It never can be otherwise. A seat in this house, for good purposes, for bad purposes, for no purposes at all (except the mere consideration derived from being concerned in the public counsels) will ever be a first-rate object of ambition in England. Ambition is no exact calculator. Avarice itself does not calculate strictly when it games. One thing is certain, that in this political game the great lottery of power is that into which men will purchase with millions of chances against them. In Turkey, where the place, where the fortune, where the head itself, are so insecure, that scarcely any have died in their beds for ages; so that the bow-string is the natural death of Bashaws, yet in no country is power and distinction (precarious enough, God knows, in all) sought for with such boundless avidity, as if the value of place was enhanced by the danger and insecurity of its tenure. Nothing will ever make a seat in this house not an object of desire to numbers by any means or at any charge, but the depriving it of all power and all dignity.
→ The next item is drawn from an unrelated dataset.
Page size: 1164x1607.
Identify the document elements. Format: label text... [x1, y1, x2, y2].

This would do it. This is the true and only nostrum for that purpose. But an House of Commons without power and without dignity, either in itself or its members, is no House of Commons for the purposes of this constitution.
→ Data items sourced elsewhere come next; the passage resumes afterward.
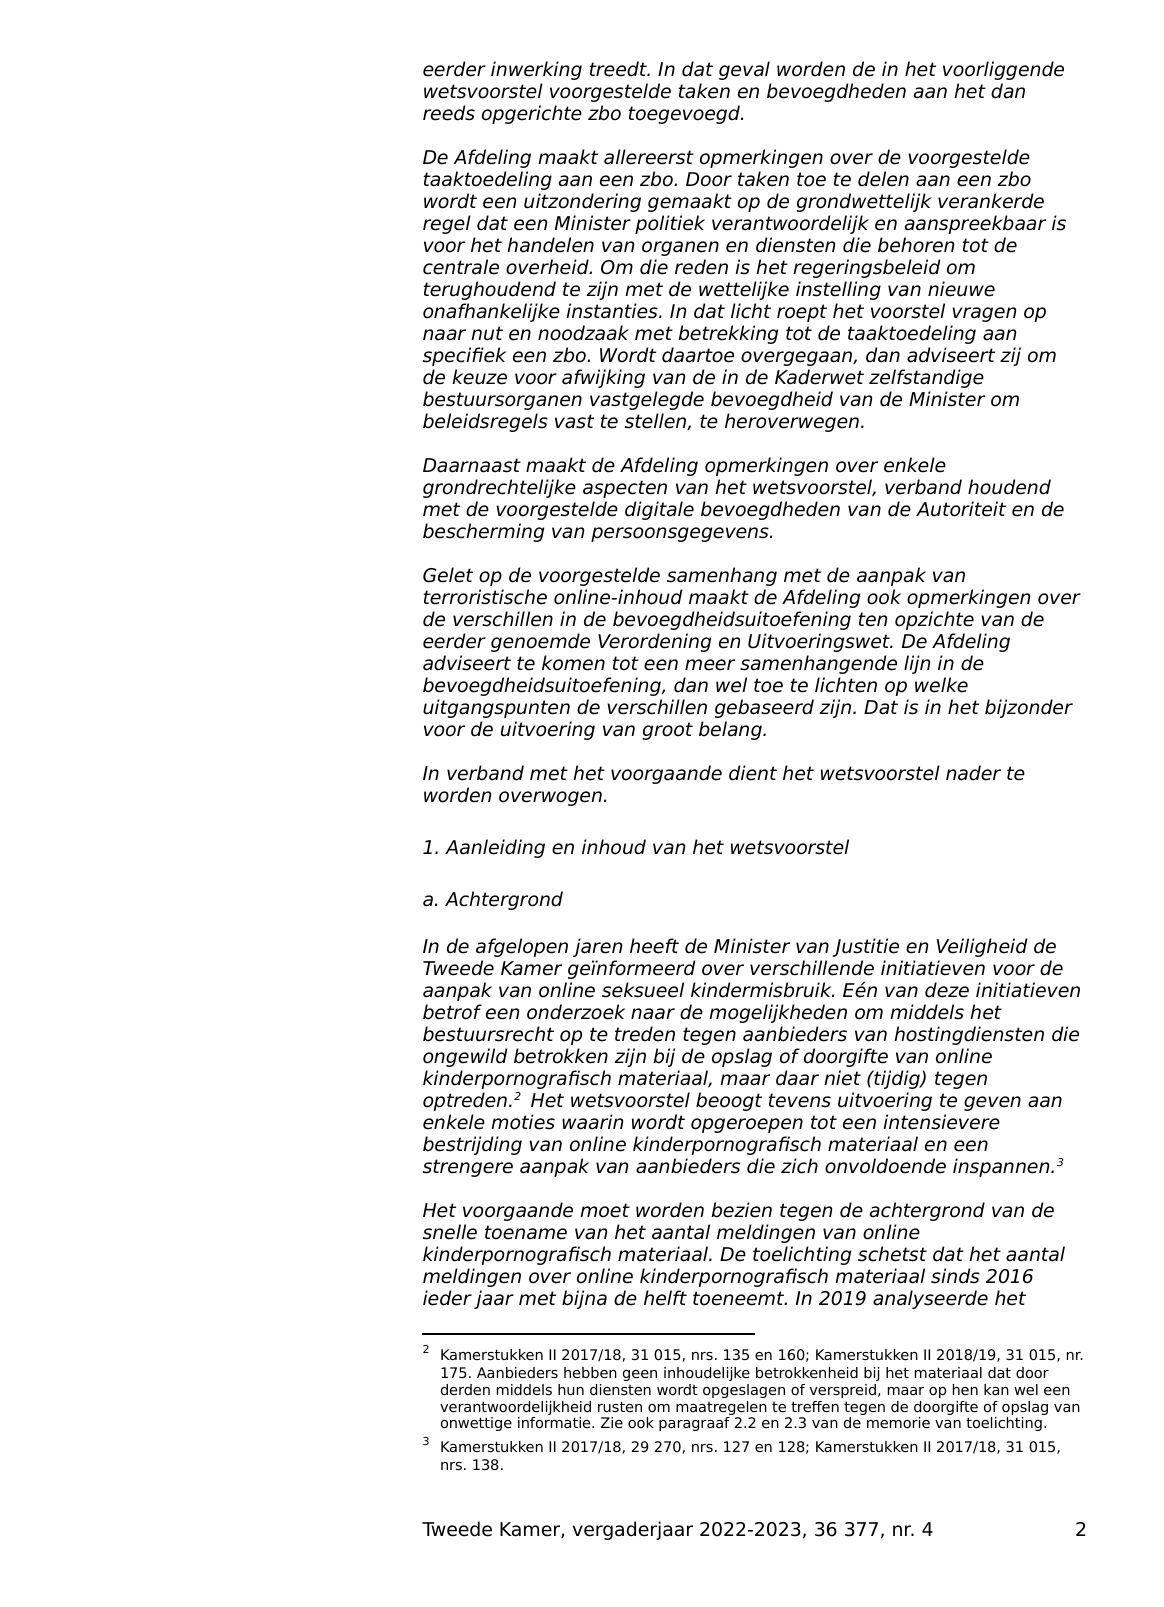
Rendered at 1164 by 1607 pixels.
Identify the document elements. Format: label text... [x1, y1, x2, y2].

subtitle 1. Aanleiding en inhoud van het wetsvoorstel [422, 837, 1087, 859]
text In verband met het voorgaande dient het wetsvoorstel nader te worden overwogen. [422, 763, 1087, 807]
text Daarnaast maakt de Afdeling opmerkingen over enkele grondrechtelijke aspecten van het wetsvoorstel, verband houdend met de voorgestelde digitale bevoegdheden van de Autoriteit en de bescherming van persoonsgegevens. [422, 455, 1087, 543]
text In de afgelopen jaren heeft de Minister van Justitie en Veiligheid de Tweede Kamer geïnformeerd over verschillende initiatieven voor de aanpak van online seksueel kindermisbruik. Eén van deze initiatieven betrof een onderzoek naar de mogelijkheden om middels het bestuursrecht op te treden tegen aanbieders van hostingdiensten die ongewild betrokken zijn bij de opslag of doorgifte van online kinderpornografisch materiaal, maar daar niet (tijdig) tegen optreden. Het wetsvoorstel beoogt tevens uitvoering te geven aan enkele moties waarin wordt opgeroepen tot een intensievere bestrijding van online kinderpornografisch materiaal en een strengere aanpak van aanbieders die zich onvoldoende inspannen. [422, 936, 1087, 1178]
text Kamerstukken II 2017/18, 31 015, nrs. 135 en 160; Kamerstukken II 2018/19, 31 015, nr. 175. Aanbieders hebben geen inhoudelijke betrokkenheid bij het materiaal dat door derden middels hun diensten wordt opgeslagen of verspreid, maar op hen kan wel een verantwoordelijkheid rusten om maatregelen te treffen tegen de doorgifte of opslag van onwettige informatie. Zie ook paragraaf 2.2 en 2.3 van de memorie van toelichting. [422, 1343, 1087, 1432]
text eerder inwerking treedt. In dat geval worden de in het voorliggende wetsvoorstel voorgestelde taken en bevoegdheden aan het dan reeds opgerichte zbo toegevoegd. [422, 59, 1087, 125]
subtitle a. Achtergrond [422, 889, 1087, 911]
text Kamerstukken II 2017/18, 29 270, nrs. 127 en 128; Kamerstukken II 2017/18, 31 015, nrs. 138. [422, 1435, 1087, 1474]
text Het voorgaande moet worden bezien tegen de achtergrond van de snelle toename van het aantal meldingen van online kinderpornografisch materiaal. De toelichting schetst dat het aantal meldingen over online kinderpornografisch materiaal sinds 2016 ieder jaar met bijna de helft toeneemt. In 2019 analyseerde het [422, 1200, 1087, 1310]
text Gelet op de voorgestelde samenhang met de aanpak van terroristische online-inhoud maakt de Afdeling ook opmerkingen over de verschillen in de bevoegdheidsuitoefening ten opzichte van de eerder genoemde Verordening en Uitvoeringswet. De Afdeling adviseert te komen tot een meer samenhangende lijn in de bevoegdheidsuitoefening, dan wel toe te lichten op welke uitgangspunten de verschillen gebaseerd zijn. Dat is in het bijzonder voor de uitvoering van groot belang. [422, 565, 1087, 741]
text De Afdeling maakt allereerst opmerkingen over de voorgestelde taaktoedeling aan een zbo. Door taken toe te delen aan een zbo wordt een uitzondering gemaakt op de grondwettelijk verankerde regel dat een Minister politiek verantwoordelijk en aanspreekbaar is voor het handelen van organen en diensten die behoren tot de centrale overheid. Om die reden is het regeringsbeleid om terughoudend te zijn met de wettelijke instelling van nieuwe onafhankelijke instanties. In dat licht roept het voorstel vragen op naar nut en noodzaak met betrekking tot de taaktoedeling aan specifiek een zbo. Wordt daartoe overgegaan, dan adviseert zij om de keuze voor afwijking van de in de Kaderwet zelfstandige bestuursorganen vastgelegde bevoegdheid van de Minister om beleidsregels vast te stellen, te heroverwegen. [422, 147, 1087, 433]

But they will be afraid to act ill, if they know that the day of their account is always near. I wish it were true, but it is not; here again we have experience, and experience is against us. The distemper of this age is a poverty of spirit and of genius, it is trifling, it is futile, worse than ignorant, superficially taught, with the politics and morals of girls at a boarding-school, rather than of men and statesmen ; but it is not yet desperately wicked, or so scandalously venal as in former times. Did not a triennial parliament give up the national dignity, approve the peace of Utrecht, and almost give up everything else in taking every step to defeat the Protestant succession? Was not the constitution saved by those, who had no election at all to go to, the lords, because the court applied to electors, and by various means carried them from their true interests; so that the Tory Ministry had a majority without an application to a single member? Now, as to the conduct of the members, it was then far from pure and independent. Bribery was infinitely more flagrant. A predecessor of yours, Mr. Speaker, put the question of his own expulsion

for bribery. Sir William Musgrave was a wise man, a grave man, an independent man, a man of good fortune and good family, however he carried on while in opposition a traffic, a shameful traffic with the ministry. Bishop Burnet knew of £6,000, which he had received at one payment. I believe the payment of sums in hard money, plain naked bribery, is rare amongst us. It was then far from uncommon.
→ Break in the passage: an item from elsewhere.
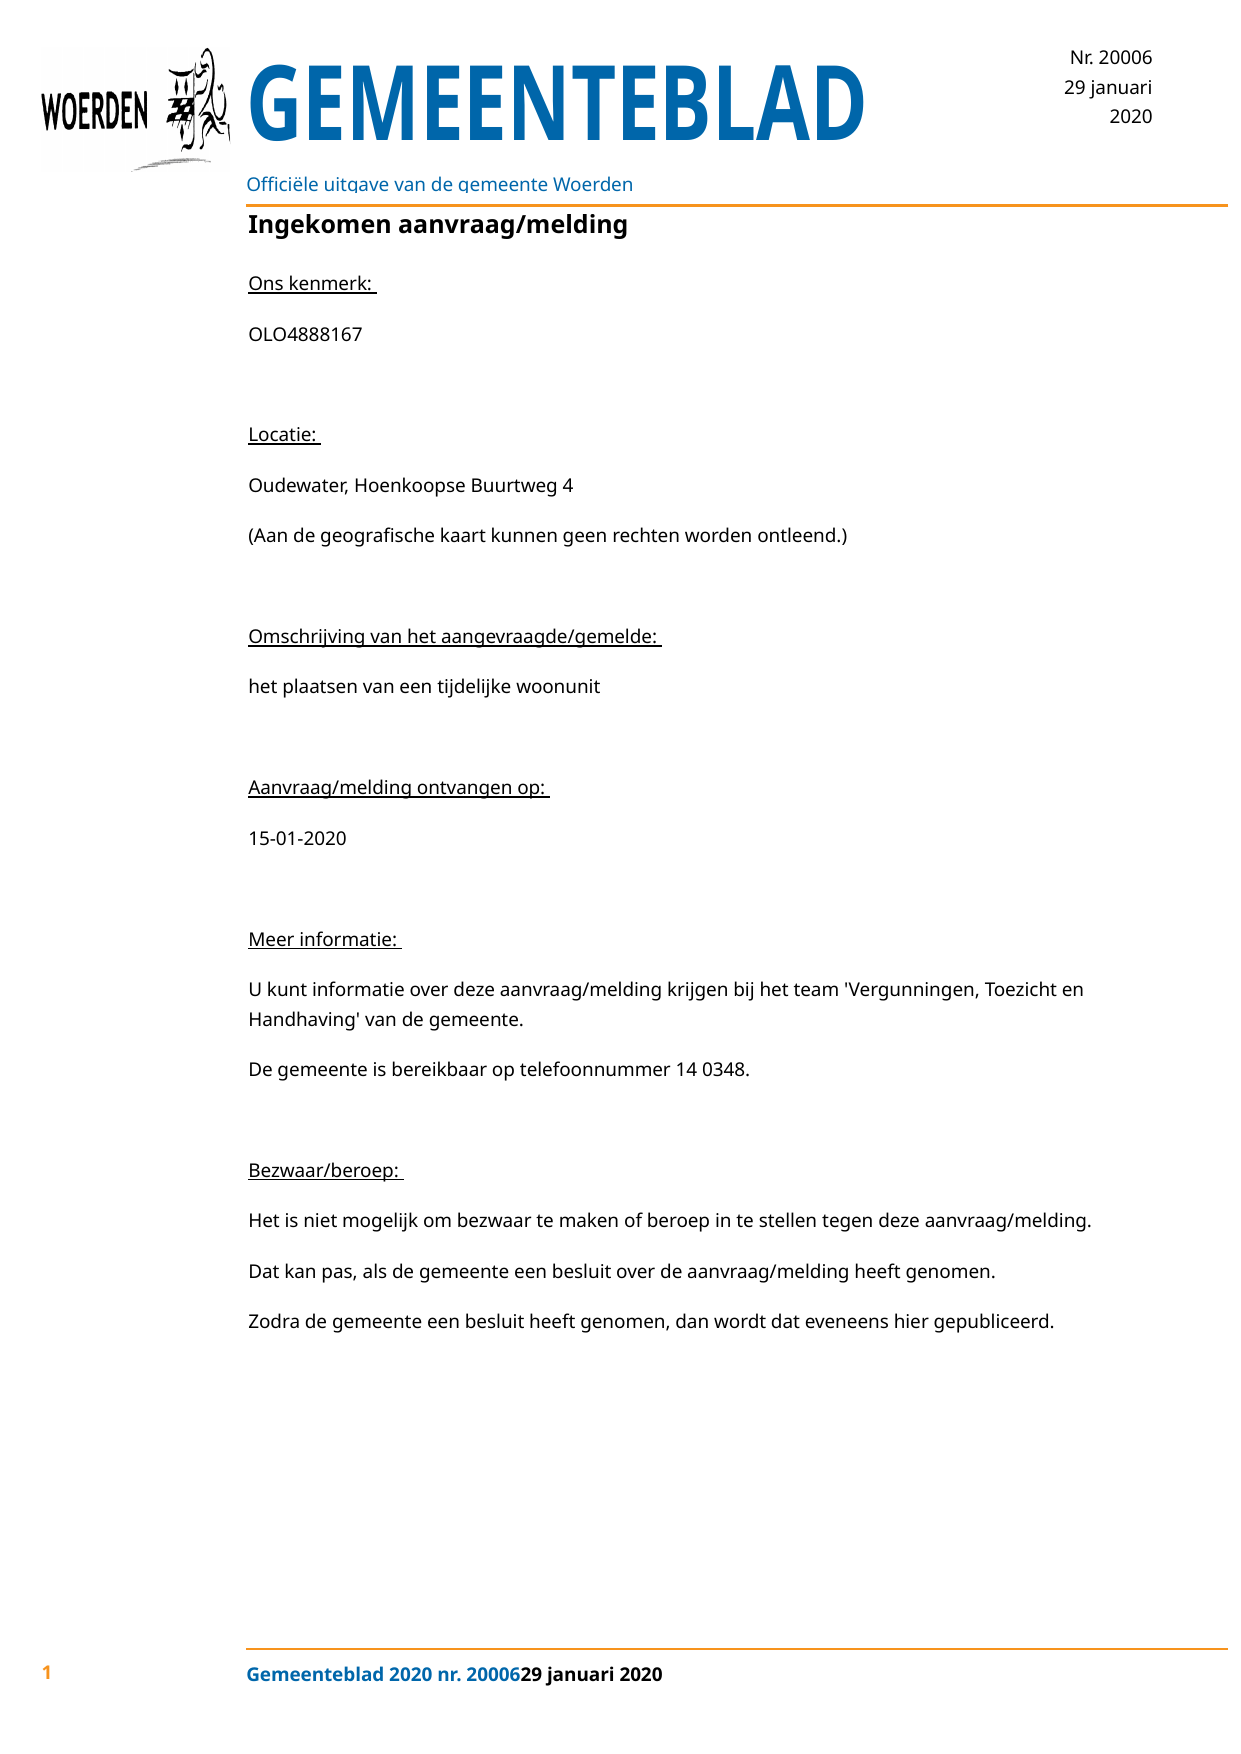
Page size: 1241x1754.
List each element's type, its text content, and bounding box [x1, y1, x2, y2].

A triennial was near ruining, a septennial parliament saved, your constitution; nor perhaps have you ever known a more flourishing period for the union of national prosperity, dignity and liberty, than the sixty years you have passed under that constitution of parliament.

The shortness of time, in which they are to reap the profits of iniquity, is far from checking the avidity of corrupt men, it renders them infinitely more ravenous. They rush violently and precipitately on their object, they lose all regard to decorum. The moments of profit are precious, never are men so wicked as during a general mortality. It was so in the great plague at Athens, every symptom of which (and this its worst amongst the rest) is so finely related by a great historian of antiquity. It was so in the plague of London in 1665. It appears in soldiers, sailors, &c. Whoever would contrive to render the life of man much shorter than it is, would, I am satisfied, find the surest receipt for increasing the wickedness of our nature.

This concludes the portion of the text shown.